Checking if an instance's class implements an interface?
PhpInterfaceOopPhp Problem Overview
Given a class instance, is it possible to determine if it implements a particular interface? As far as I know, there isn't a built-in function to do this directly. What options do I have (if any)?
Php Solutions
Solution 1 - Php
interface IInterface
{
}
class TheClass implements IInterface
{
}
$cls = new TheClass();
if ($cls instanceof IInterface) {
echo "yes";
}
You can use the "instanceof" operator. To use it, the left operand is a class instance and the right operand is an interface. It returns true if the object implements a particular interface.
Solution 2 - Php
As therefromhere points out, you can use class_implements(). Just as with Reflection, this allows you to specify the class name as a string and doesn't require an instance of the class:
interface IInterface
{
}
class TheClass implements IInterface
{
}
$interfaces = class_implements('TheClass');
if (isset($interfaces['IInterface'])) {
echo "Yes!";
}
class_implements() is part of the SPL extension.
See: http://php.net/manual/en/function.class-implements.php
Performance Tests
Some simple performance tests show the costs of each approach:
Given an instance of an object
Object construction outside the loop (100,000 iterations)
| class_implements | Reflection | instanceOf |
|---|---|---|
| 140 ms | 290 ms | 35 ms |
| '--------------------------------------------' |
Object construction inside the loop (100,000 iterations)
| class_implements | Reflection | instanceOf |
|---|---|---|
| 182 ms | 340 ms | 83 ms |
| 431 ms | 607 ms | 338 ms |
| '--------------------------------------------' | ||
Given only a class name
100,000 iterations
| class_implements | Reflection | instanceOf |
|---|---|---|
| 149 ms | 295 ms | N/A |
| '--------------------------------------------' | ||
Where the expensive __construct() is:
public function __construct() {
$tmp = array(
'foo' => 'bar',
'this' => 'that'
);
$in = in_array('those', $tmp);
}
These tests are based on this simple code.
Solution 3 - Php
nlaq points out that instanceof can be used to test if the object is an instance of a class that implements an interface.
But instanceof doesn't distinguish between a class type and an interface.
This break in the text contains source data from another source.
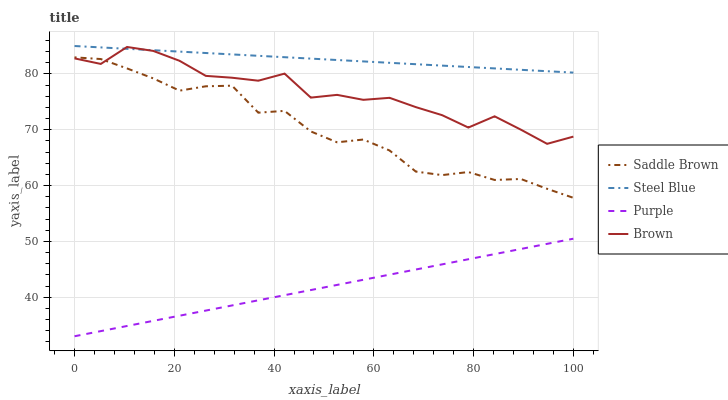Does Purple have the minimum area under the curve?
Answer yes or no. Yes. Does Steel Blue have the maximum area under the curve?
Answer yes or no. Yes. Does Brown have the minimum area under the curve?
Answer yes or no. No. Does Brown have the maximum area under the curve?
Answer yes or no. No. Is Purple the smoothest?
Answer yes or no. Yes. Is Brown the roughest?
Answer yes or no. Yes. Is Saddle Brown the smoothest?
Answer yes or no. No. Is Saddle Brown the roughest?
Answer yes or no. No. Does Purple have the lowest value?
Answer yes or no. Yes. Does Brown have the lowest value?
Answer yes or no. No. Does Steel Blue have the highest value?
Answer yes or no. Yes. Does Brown have the highest value?
Answer yes or no. No. Is Purple less than Brown?
Answer yes or no. Yes. Is Steel Blue greater than Saddle Brown?
Answer yes or no. Yes. Does Steel Blue intersect Brown?
Answer yes or no. Yes. Is Steel Blue less than Brown?
Answer yes or no. No. Is Steel Blue greater than Brown?
Answer yes or no. No. Does Purple intersect Brown?
Answer yes or no. No.

You don't know if the object is a class that happens to be called IInterface.
You can also use the reflection API in PHP to test this more specifically:
$class = new ReflectionClass('TheClass');
if ($class->implementsInterface('IInterface'))
{
print "Yep!\n";
}
Solution 4 - Php
Just to help future searches is_subclass_of is also a good variant (for PHP 5.3.7+):
if (is_subclass_of($my_class_instance, 'ISomeInterfaceName')){
echo 'I can do it!';
}
Solution 5 - Php
Update
The is_a function is missing here as alternative.
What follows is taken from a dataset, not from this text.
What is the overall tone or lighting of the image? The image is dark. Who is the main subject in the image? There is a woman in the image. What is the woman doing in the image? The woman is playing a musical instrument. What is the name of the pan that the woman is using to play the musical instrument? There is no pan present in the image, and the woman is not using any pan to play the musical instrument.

I did some performance tests to check which of the stated ways is the most performant.
Results over 100k iterations
instanceof [object] took 7.67 ms | + 0% | ..........
is_a [object] took 12.30 ms | + 60% | ................
is_a [class] took 17.43 ms | +127% | ......................
class_implements [object] took 28.37 ms | +270% | ....................................
reflection [class] took 34.17 ms | +346% | ............................................
Added some dots to actually "feel" see the difference.
Generated by this: https://3v4l.org/8Cog7
Conclusion
In case you have an object to check, use instanceof like mentioned in the accepted answer.
In case you have a class to check, use is_a.
Bonus
Given the case you want to instantiate a class based on an interface you require it to have, it is more preformant to use is_a. There is only one exception - when the constructor is empty.
Example:
is_a(<className>, <interfaceName>, true);
It will return bool. The third parameter "allow_string" allows it to check class names without instantiating the class.
Solution 6 - Php
You can also do the following
public function yourMethod(YourInterface $objectSupposedToBeImplementing) {
//.....
}
It will throw an recoverable error if the $objectSupposedToBeImplementing does not implement YourInterface Interface.